La World Rugby decidió esta semana otorgar a Francia la organización del mundial del año 2023. Antes está la cita de 2019 en Japón, a la que muy a nuestro pesar la selección española llega tarde. Otra vez.

Clasificarse para ese Mundial pasa por vencer en el Europeo de 2018 el partido en Madrid ante Rumanía (una selección que ha crecido sobremanera a rueda de los georgianos) y no fallar ante rivales a priori menores como Alemania o Bélgica. Ya sabemos que los georgianos no nos van a hacer papilla, pero vencerles es misión imposible -ya se han colado definitivamente en las ventanas de otoño de los grandes. Este fin de semana juegan en Cardiff ante Gales-.

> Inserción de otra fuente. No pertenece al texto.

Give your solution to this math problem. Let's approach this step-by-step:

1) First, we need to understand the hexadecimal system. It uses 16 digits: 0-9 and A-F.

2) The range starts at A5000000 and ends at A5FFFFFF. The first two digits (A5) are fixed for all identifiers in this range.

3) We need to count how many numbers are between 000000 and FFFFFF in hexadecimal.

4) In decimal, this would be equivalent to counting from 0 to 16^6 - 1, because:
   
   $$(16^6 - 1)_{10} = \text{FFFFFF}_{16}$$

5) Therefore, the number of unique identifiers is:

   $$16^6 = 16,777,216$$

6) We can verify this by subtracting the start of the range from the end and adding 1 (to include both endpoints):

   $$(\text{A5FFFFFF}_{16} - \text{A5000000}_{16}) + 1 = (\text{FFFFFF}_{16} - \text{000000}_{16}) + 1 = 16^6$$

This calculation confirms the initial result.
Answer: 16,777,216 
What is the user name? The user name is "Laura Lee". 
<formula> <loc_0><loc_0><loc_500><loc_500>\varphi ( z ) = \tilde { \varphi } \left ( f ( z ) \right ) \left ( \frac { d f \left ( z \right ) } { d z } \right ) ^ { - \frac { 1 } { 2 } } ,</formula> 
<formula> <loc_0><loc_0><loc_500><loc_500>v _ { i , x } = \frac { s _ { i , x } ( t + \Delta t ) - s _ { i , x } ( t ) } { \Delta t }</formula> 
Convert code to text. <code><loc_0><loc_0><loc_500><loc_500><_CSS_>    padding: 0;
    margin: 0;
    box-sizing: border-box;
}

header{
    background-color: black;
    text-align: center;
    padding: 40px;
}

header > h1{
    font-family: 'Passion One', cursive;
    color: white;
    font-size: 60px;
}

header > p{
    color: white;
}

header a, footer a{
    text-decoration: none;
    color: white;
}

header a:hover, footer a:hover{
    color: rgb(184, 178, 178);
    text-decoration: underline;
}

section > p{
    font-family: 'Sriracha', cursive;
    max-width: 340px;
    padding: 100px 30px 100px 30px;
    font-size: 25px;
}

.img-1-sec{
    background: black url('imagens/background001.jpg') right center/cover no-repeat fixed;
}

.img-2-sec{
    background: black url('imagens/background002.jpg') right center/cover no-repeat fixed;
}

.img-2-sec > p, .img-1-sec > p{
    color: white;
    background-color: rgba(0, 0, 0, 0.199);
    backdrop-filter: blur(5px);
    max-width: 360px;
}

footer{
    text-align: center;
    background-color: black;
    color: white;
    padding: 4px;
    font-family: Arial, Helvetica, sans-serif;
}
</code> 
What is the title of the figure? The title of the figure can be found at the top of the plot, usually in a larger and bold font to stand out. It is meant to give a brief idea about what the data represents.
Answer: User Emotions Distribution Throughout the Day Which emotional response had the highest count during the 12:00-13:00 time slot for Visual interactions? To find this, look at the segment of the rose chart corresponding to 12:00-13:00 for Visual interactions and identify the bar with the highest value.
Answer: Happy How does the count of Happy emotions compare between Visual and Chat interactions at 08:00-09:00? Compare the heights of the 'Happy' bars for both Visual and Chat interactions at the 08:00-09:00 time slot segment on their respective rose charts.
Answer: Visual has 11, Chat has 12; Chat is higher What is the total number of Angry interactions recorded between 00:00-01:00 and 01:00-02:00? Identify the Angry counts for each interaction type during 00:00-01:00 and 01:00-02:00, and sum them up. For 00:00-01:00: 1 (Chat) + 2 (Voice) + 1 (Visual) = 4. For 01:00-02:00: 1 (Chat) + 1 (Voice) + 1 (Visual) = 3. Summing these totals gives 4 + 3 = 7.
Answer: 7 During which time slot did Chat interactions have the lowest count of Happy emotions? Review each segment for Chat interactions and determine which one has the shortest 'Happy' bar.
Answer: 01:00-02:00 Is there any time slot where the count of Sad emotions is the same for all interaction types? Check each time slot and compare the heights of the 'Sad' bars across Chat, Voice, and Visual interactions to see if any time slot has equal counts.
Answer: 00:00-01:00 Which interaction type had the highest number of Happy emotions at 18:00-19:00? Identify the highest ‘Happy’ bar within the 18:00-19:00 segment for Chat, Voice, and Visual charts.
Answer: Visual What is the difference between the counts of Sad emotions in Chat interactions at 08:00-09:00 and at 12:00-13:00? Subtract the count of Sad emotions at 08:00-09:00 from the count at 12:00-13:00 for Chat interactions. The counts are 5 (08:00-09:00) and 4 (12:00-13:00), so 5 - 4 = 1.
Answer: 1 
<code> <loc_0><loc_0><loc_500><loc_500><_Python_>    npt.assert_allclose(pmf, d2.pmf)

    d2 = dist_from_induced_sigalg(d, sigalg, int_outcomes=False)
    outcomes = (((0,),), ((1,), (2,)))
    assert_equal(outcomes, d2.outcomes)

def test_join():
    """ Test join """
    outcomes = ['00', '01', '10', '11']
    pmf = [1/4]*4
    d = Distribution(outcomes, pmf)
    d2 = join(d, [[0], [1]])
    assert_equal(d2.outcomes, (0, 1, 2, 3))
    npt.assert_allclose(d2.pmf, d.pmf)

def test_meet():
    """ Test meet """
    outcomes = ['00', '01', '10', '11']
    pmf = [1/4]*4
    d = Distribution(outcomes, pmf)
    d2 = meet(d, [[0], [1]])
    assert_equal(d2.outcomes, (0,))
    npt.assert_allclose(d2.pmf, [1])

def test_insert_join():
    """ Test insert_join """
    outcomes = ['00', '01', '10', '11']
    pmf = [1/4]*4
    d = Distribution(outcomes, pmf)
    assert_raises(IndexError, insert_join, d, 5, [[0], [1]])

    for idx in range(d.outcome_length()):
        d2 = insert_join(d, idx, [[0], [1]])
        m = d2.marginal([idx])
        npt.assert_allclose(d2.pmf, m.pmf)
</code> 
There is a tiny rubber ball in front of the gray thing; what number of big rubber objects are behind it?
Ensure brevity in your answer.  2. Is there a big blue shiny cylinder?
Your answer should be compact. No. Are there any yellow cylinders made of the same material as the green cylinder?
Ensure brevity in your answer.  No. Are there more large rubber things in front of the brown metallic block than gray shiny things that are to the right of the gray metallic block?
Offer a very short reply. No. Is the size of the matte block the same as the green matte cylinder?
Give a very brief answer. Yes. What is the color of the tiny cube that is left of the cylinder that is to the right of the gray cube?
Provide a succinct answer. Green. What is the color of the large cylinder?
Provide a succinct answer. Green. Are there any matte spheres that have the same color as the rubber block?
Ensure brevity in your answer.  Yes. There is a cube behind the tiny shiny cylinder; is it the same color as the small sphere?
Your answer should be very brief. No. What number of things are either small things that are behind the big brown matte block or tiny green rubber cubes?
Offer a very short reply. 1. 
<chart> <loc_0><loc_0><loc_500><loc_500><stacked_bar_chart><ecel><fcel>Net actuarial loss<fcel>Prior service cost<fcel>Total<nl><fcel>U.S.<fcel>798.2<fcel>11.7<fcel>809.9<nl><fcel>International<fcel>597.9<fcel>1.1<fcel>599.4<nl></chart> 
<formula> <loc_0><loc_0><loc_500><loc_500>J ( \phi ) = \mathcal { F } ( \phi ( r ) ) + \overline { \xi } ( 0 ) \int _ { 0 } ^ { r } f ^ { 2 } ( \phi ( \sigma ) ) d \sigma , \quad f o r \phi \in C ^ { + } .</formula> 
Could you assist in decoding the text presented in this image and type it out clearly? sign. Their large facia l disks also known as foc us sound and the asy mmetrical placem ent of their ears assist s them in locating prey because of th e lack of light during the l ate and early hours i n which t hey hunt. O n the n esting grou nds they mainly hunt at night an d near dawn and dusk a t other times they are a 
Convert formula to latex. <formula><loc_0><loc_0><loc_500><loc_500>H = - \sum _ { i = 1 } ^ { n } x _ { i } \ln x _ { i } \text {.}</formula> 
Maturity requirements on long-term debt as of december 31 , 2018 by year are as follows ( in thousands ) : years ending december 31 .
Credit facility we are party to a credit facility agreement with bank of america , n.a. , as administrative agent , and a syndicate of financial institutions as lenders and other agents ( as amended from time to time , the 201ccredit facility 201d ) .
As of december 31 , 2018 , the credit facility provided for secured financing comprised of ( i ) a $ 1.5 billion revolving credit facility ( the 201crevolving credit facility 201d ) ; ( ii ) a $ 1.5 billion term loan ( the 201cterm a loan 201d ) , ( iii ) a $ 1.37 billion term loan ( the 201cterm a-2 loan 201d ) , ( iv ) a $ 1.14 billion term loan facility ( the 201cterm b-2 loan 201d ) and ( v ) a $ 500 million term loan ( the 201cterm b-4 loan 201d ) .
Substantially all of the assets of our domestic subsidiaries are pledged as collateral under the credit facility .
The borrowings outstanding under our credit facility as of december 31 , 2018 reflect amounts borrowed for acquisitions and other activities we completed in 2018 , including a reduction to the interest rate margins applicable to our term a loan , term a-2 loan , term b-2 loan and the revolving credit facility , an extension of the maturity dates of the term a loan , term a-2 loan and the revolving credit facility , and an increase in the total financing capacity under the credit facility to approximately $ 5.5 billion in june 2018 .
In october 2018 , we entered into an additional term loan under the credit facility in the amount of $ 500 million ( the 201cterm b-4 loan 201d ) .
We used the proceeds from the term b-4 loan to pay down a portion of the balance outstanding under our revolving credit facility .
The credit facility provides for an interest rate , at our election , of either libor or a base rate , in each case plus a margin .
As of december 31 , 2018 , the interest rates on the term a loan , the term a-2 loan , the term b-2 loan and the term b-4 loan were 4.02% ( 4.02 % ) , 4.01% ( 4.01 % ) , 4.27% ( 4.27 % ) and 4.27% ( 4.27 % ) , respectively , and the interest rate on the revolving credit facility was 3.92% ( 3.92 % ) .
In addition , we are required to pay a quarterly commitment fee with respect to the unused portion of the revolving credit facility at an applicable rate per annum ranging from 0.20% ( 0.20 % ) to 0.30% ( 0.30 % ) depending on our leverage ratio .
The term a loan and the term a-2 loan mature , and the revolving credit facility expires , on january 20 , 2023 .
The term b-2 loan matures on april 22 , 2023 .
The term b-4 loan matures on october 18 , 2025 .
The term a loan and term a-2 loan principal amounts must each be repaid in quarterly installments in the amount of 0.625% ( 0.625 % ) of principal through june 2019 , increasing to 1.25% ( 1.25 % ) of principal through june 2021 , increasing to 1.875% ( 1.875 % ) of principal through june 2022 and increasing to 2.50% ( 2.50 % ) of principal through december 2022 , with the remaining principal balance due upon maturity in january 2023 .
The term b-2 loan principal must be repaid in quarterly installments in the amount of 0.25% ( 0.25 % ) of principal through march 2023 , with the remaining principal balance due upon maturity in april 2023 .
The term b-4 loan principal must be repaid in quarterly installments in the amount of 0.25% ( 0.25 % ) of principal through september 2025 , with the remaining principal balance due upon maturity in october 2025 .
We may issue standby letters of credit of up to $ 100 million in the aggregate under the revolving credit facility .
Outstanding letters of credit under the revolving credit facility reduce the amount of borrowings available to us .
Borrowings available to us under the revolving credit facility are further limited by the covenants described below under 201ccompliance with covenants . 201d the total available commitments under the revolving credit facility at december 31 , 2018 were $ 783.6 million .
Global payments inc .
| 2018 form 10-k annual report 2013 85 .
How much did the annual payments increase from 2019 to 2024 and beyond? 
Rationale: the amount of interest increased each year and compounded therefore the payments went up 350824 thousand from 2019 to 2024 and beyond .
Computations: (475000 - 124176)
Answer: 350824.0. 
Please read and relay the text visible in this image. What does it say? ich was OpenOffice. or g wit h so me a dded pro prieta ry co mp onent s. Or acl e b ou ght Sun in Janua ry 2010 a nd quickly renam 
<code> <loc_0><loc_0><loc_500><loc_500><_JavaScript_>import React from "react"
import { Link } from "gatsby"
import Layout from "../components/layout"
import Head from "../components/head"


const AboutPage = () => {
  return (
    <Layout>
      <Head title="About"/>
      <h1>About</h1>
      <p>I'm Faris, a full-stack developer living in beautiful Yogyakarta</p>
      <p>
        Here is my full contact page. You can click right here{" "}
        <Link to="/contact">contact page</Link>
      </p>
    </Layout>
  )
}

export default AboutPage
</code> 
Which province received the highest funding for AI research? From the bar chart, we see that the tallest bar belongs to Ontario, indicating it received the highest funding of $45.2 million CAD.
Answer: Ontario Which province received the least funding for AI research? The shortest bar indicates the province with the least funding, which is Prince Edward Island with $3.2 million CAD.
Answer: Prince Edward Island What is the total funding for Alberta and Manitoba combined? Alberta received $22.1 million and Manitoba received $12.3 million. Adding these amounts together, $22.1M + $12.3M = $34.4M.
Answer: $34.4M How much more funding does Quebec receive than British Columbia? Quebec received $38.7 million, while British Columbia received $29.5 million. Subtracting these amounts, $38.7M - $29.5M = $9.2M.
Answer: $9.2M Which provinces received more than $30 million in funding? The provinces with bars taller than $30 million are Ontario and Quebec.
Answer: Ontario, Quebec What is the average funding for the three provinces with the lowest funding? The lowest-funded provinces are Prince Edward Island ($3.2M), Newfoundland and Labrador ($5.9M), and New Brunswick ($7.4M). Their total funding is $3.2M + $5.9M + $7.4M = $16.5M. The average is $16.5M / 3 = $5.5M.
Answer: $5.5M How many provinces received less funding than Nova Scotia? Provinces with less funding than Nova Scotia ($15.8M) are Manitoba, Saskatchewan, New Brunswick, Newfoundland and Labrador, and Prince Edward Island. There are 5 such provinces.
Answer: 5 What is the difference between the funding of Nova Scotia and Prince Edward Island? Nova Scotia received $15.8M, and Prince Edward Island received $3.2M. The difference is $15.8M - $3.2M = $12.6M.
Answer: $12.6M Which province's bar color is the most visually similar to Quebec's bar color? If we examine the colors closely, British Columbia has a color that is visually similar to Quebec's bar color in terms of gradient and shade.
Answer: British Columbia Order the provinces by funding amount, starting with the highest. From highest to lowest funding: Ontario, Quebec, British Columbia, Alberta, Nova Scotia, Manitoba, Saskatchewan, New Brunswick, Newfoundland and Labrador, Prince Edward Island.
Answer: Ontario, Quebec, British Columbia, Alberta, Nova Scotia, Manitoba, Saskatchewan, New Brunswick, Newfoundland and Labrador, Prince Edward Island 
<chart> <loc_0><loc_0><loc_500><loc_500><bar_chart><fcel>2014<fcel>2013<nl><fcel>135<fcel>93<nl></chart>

Los georgianos tiene plaza directa para el Mundial, y la siguiente se la disputarán rumanos y españoles. Después queda una posibilidad de repesca que nos enfrentaría a algún equipo oceánico, casi con toda probabilidad. Pero lo más triste es que ir al Mundial, hoy por hoy, es para perder todos los encuentros y volver a casa con el cansino "lo importante es participar". Además clasificarse no es un disfrute, sino un torneo de rugby agónico.

Nos falta un plan, un horizonte y gente capaz de llevarnos hasta él. España sigue perdiendo trenes. Ya han anunciado que los vecinos organizarán la parada de 2023. ¿Un horizonte? Clasifiquémonos para Francia disfrutando del rugby, y juguemos ese Mundial con gente profesional capaz de dar la sorpresa al menos en un partido. ¿Cómo se hace eso? Faltan seis años para esa cita, que la Federación prepare a los que hoy tienen dieciocho años de verdad.

Los mejores deben tener un equipo profesional en el que desarrollar totalmente su talento. Para eso se precisa una planificación y trabajo duro para convencer a los patrocinadores de que ver su marca asociada a los valores de los que tanto hablamos es beneficioso. Se nos va el tiempo, nos quedamos atrás, y seguimos haciendo las mismas cosas de siempre. Llamen a Pichot, él les indicará el camino.